Help debugging Teensy4 & WM8904 audio codec

sweentj

New member
Hello All,

I wanted to create a project with the Teensy4 and WM8904 audio codec. I'm currently trying to get a barebones test off the ground by just sending a signal (1khz 0.5Vpp sinewave) through the bypass signal path. I've created a custom eval board for the codec and have wired it up to the Teensy4 on a breadboard. Eval board schematic included.
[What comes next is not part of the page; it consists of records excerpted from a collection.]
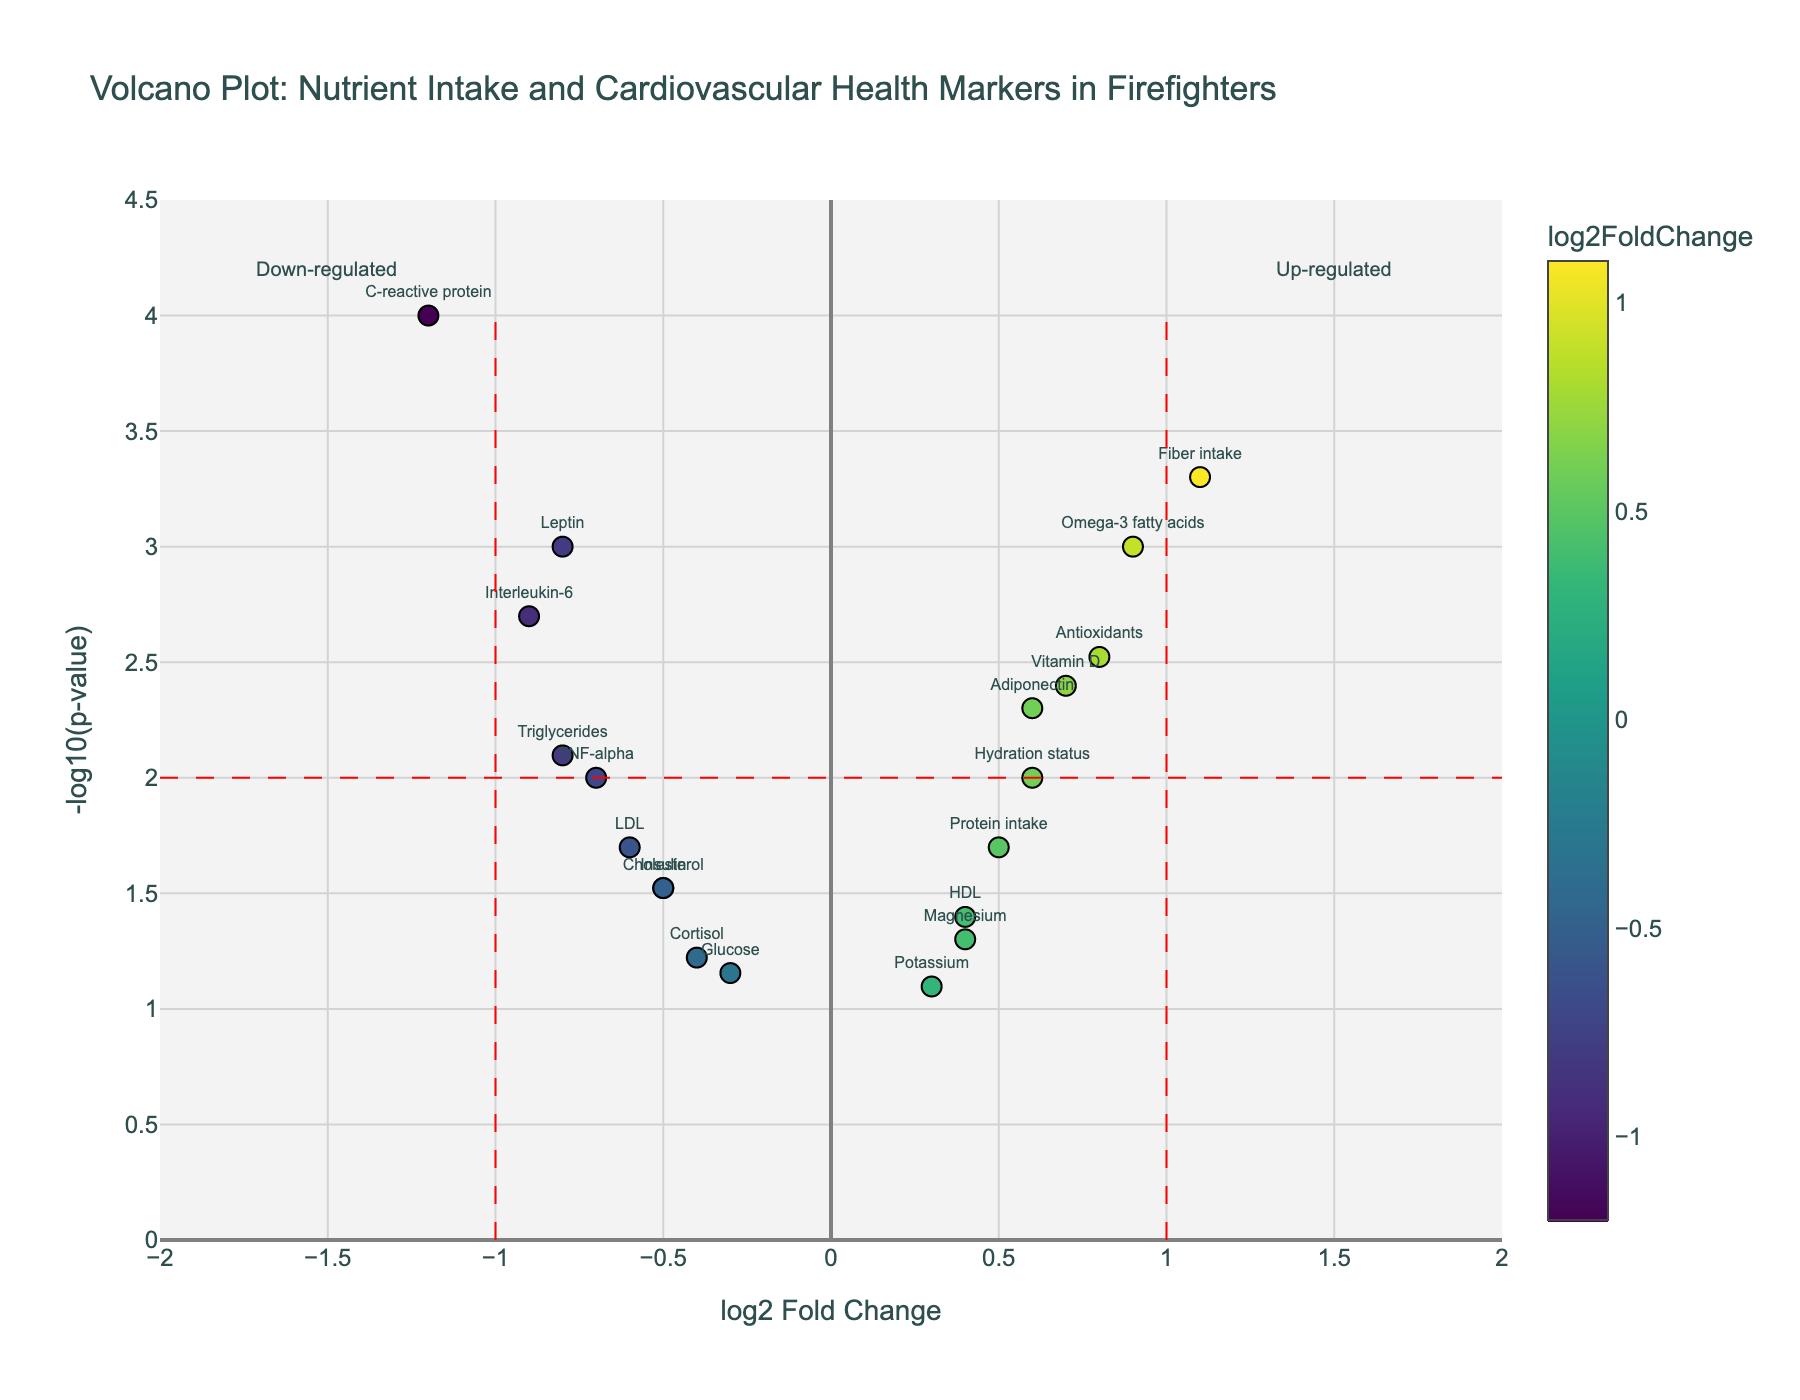What is the title of the plot? The title is located at the top of the plot and provides a general description of the data being visualized.
Answer: Volcano Plot: Nutrient Intake and Cardiovascular Health Markers in Firefighters Which axis represents the log2 fold change? The x-axis represents the log2 fold change, as indicated by the label "log2 Fold Change" below the horizontal axis.
Answer: x-axis What is represented by the y-axis in the plot? The y-axis represents the -log10(p-value), as indicated by the label "-log10(p-value)" along the vertical axis.
Answer: -log10(p-value) How many genes have a log2 fold change greater than 0.5? Count the number of data points (markers) positioned to the right of 0.5 on the x-axis. Specifically, Vitamin D, Omega-3 fatty acids, Antioxidants, Fiber intake, Protein intake, and Hydration status.
Answer: 6 Which nutrient shows the most significant increase after implementing the specialized diet? The significance can be measured by the highest value on the y-axis in the positive range of the x-axis (log2 fold change). Omega-3 fatty acids have the highest -log10(p-value) among the positively classified nutrients (log2 fold change of 0.9 and p-value of 0.001).
Answer: Omega-3 fatty acids Which cardiovascular health marker experienced the largest decrease? Look for the gene with the most negative value on the x-axis (log2 fold change) with a significant p-value. C-reactive protein has a log2 fold change of -1.2 and a p-value of 0.0001.
Answer: C-reactive protein How many points are above the line representing p = 0.01? Identify and count the markers with -log10(p-value) larger than 2, as -log10(0.01) equals 2. This includes Leptin, Adiponectin, C-reactive protein, Interleukin-6, TNF-alpha, Triglycerides, Vitamin D, Omega-3 fatty acids, Antioxidants, and Fiber intake.
Answer: 10 Which genes are both up-regulated and significant? Examine the points with positive log2 fold change (up-regulation) and those with significant p-values (typically considered below 0.05, hence larger than -log10(0.05)). Relevant genes are Adiponectin, Vitamin D, Omega-3 fatty acids, Antioxidants, Fiber intake, and Hydration status.
Answer: Adiponectin, Vitamin D, Omega-3 fatty acids, Antioxidants, Fiber intake, Hydration status What is the range of log2 fold change covered in the plot? Look at the extent of the x-axis to see the lowest and highest log2 fold changes displayed. The plot ranges from -2 to 2.
Answer: -2 to 2 Between LDL and HDL, which showed a greater change in log2 fold change? Compare the absolute values of their log2 fold changes. LDL has a log2 fold change of -0.6 while HDL has a log2 fold change of 0.4. LDL shows a greater change in terms of absolute value.
Answer: LDL 
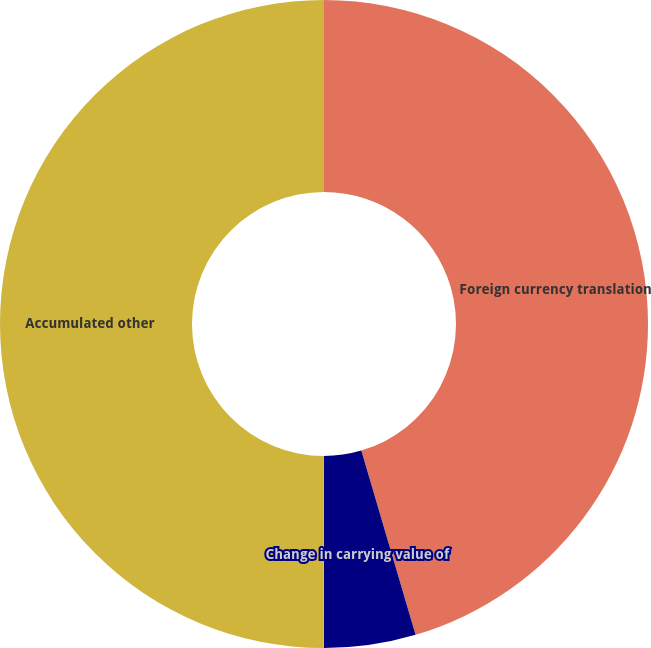Convert chart. <chart><loc_0><loc_0><loc_500><loc_500><pie_chart><fcel>Foreign currency translation<fcel>Change in carrying value of<fcel>Unrealized gain on derivatives<fcel>Accumulated other<nl><fcel>45.44%<fcel>4.56%<fcel>0.02%<fcel>49.98%<nl></chart> 
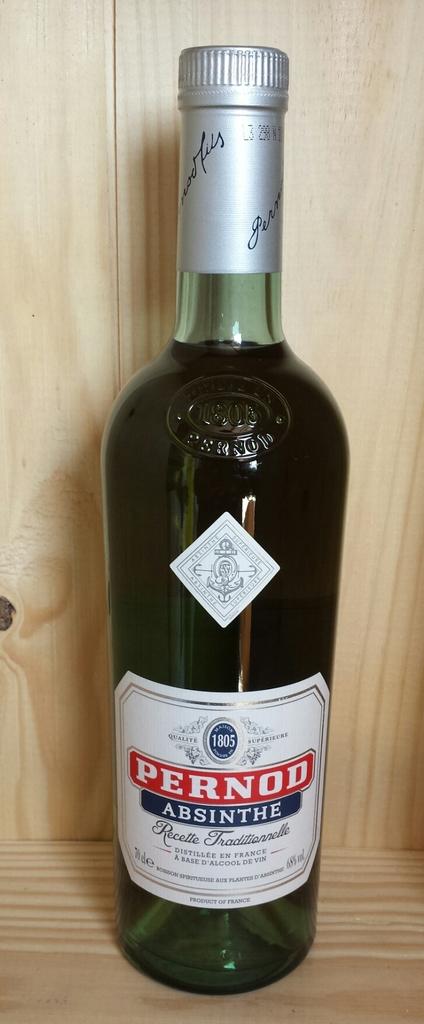What is the brand name?
Keep it short and to the point. Pernod. 
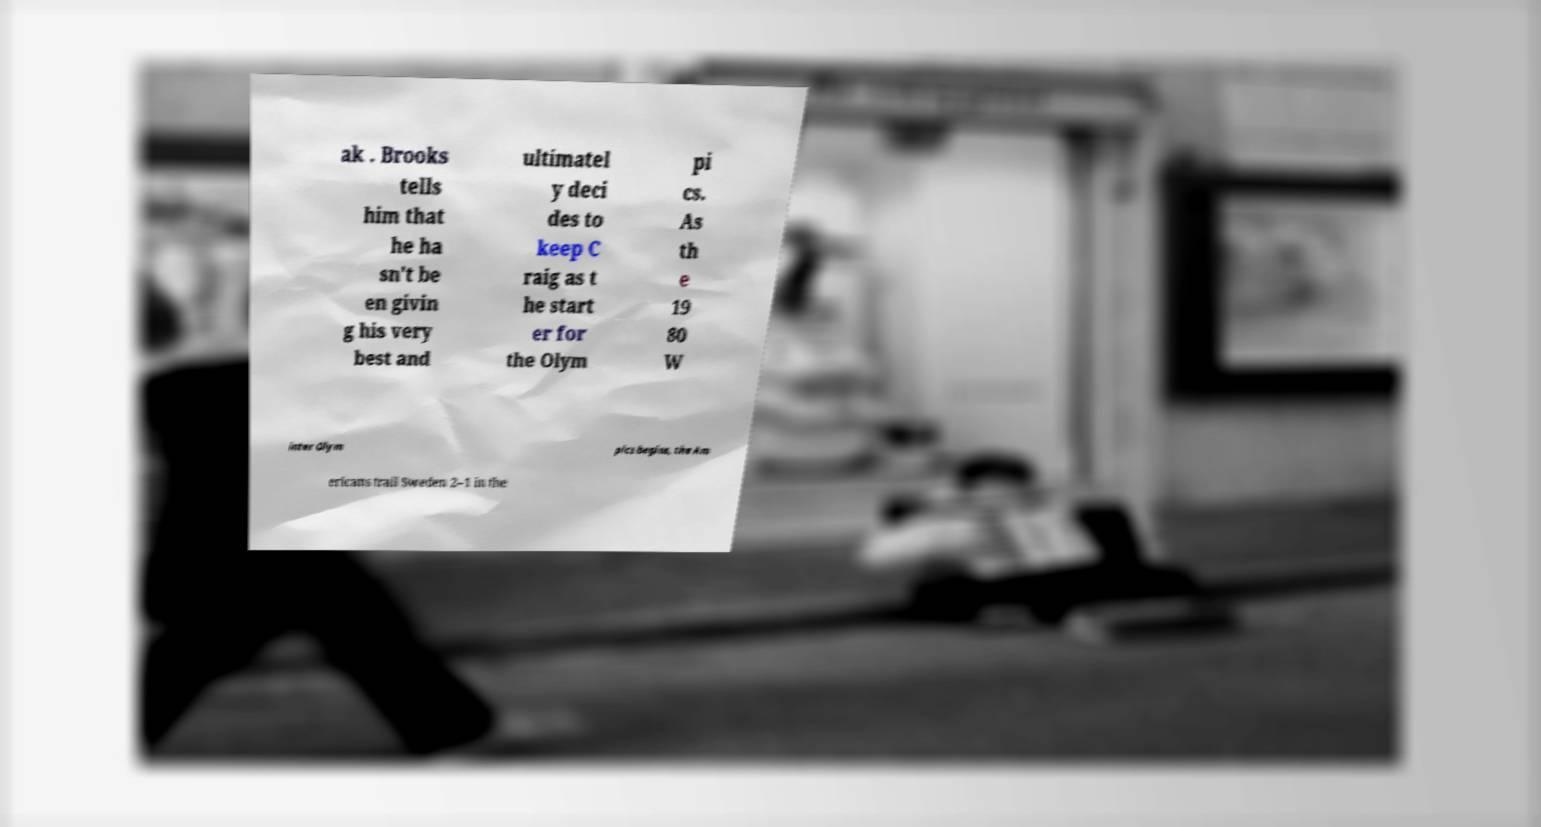For documentation purposes, I need the text within this image transcribed. Could you provide that? ak . Brooks tells him that he ha sn't be en givin g his very best and ultimatel y deci des to keep C raig as t he start er for the Olym pi cs. As th e 19 80 W inter Olym pics begins, the Am ericans trail Sweden 2–1 in the

The WM8904 includes a Write Control Sequencer that is supposed to set the registers to a known good startup configuration. I wasn't able to get it to work so I copied the startup sequence settings to a struct array and iterated through that in order to configure the codec. I then set the required LINEOUT Bypass bits in the Analogue OUT12 reg. After these steps I would expect to see an output on LINEOUT if I send an input signal on LINEIN, but I get nothing. I can't figure out if its an issue electrically or with the configuration of the codec registers.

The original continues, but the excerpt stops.